Changing/emptying colostomy bags make me gag! Good lord, I don't know how these patients learn to deal with the smell! ugh!

Specializes in Med/Surge, Psych, LTC, Home Health.

Just a couple of months ago, I became sick while at work and vomited ALL OVER myself and the floor of our cancer hallway... in front of many of my coworkers and whomever was in the rooms on that hall. So embarrassing! I was trying to make it to the bathroom and just didn't make it...

I had some sort of stomach virus. Stuff like urine, feces, vomit, has never actually made me sick enough to upchuck, but in the past, things that have come the CLOSEST to doing so include C-diff stool, vomit, and illeostomies with chunks of STUFF in them.

!

I can't belive no one has mentioned wound drainage!!! That is the one and only thing that kills me. I had one Pt. that had a pressure ulcer on her foot. We went to change the dressing and I got the wonderful job of holding the foot up. Well I made the mistake of no mask and when the bandage came off my tears came up. It smelled like death and well... feet, and worst it was oozing purulent drainage.
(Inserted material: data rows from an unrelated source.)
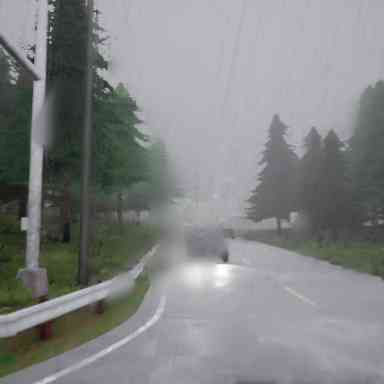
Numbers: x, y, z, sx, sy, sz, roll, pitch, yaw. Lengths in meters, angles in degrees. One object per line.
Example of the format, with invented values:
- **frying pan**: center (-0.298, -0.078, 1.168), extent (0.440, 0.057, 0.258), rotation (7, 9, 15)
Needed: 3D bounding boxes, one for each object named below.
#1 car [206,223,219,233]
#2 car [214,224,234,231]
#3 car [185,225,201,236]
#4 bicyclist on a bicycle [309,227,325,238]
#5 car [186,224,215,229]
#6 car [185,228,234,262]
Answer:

It looked like the entired heel was rotting. Just the sight killed me and adding the smell.... nearly lost it! :no: Ick Ick Ick!!!!!

Specializes in Cardiac Telemetry, ED.
As a pre-nursing student, one of my biggest fears of becoming a nurse (other than harming/killing a pt) is tossing my cookies or fainting on the job. I am not very squeamish at all, and can handle most things (vomit, feces, blood, etc), but I am still worried. :uhoh21: So...to all you nurses out there, what was that thing that activated your up-chuck reflex or caused you to pass out?:lol2:

I've never vomited or passed out.

Specializes in Cardiac, ICU, medical, surgical.
A very demented patient had just crapped all over her sheets with diarrhea. It was pretty much from mid back to toes. The smell alone was in my top 10 list. I've worked on floors with liver patients and those with GI bleeds, and this was much, much worse than those.
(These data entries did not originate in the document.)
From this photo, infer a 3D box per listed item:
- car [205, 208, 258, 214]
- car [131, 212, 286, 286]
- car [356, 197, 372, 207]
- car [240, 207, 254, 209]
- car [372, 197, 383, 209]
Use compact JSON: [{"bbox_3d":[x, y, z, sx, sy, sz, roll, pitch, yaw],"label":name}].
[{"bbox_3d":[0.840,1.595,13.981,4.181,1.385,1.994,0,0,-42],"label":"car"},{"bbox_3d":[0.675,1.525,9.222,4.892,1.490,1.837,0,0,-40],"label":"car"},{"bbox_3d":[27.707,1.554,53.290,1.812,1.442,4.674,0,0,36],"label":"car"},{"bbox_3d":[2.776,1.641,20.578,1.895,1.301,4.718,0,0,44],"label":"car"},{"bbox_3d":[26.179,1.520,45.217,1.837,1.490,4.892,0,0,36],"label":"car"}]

Anyway, it was during my med-surg clinical, and my friend and I offered to help our classmate clean her up. As we're holding her over and wiping her, the lady gives me a nice titty twister. Meanwhile, I'm trying to pry her hands off of me while still holding her leg up. We slide the new sheet on and pfffffffffftttt, another large pool of poop that smells like hot garbage appears.
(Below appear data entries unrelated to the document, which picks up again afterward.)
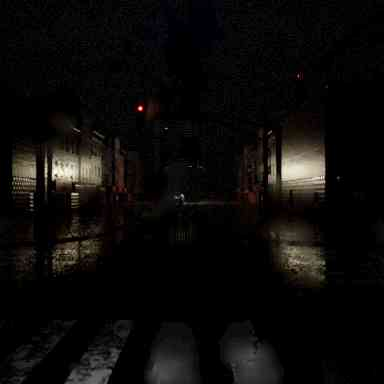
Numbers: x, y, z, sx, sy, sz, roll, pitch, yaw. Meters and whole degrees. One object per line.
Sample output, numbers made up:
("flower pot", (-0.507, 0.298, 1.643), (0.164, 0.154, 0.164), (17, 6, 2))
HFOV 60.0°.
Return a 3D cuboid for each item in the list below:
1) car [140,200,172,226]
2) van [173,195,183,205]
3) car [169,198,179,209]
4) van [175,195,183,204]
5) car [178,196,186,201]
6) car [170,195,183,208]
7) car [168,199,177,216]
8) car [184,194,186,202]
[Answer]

My other poor friend is holding her over on the side, I'm still holding her leg up midway in the air and trying to prevent another titty twister, and the girl who has her runs over to the trash can, starts gagging, and actually pukes. We were all laughing and gagging so hard that half of the floor's nurses and students came down to see what was going on. Once the smell hit them, they did not enter the room. My poor friend had to walk out into the hall, regain composure, and then enter the lady's room again to finish the cleaning

The best thing about this? After we were all done, the patient says "Why does it smell so bad in here, I think you stink!"

This is one of the funniest things I have ever read- it made me cry with laughter! The things we have to do that only other health care worker would understand :nurse:.

It made me start thinking of all my experiences over the years. First year of nursing a dementia patient scratched me with poo fingernails:crying2: (broke skin!). A big bowel motion by a young man in a vegetative state in a small hot steamy shower! The smell of a tracking groin wound that the patient said she didn't even know was there til she ended up in ICU. The wound ooze from an open abdo wound on a patient covered with a clear dressing who only had a few metres of bowel left- took your breath away!

Everyday life: emptying vomit into the toilet:uhoh21: always ends up in me wanting to vomit and changing illeostomies. Many moons ago when I was a student I dry retched the whole time I changed a patients bag ( the ones you didn't just changed but had to wash out!). Felt so upset that I had done that in front of the patient. Gotton better over the years but still...

Have never fainted but definately know that emergency and theatre are not for me. Also I have been known to feel a little light headed when assisting with ICC insertions or pleural taps- even after all these years!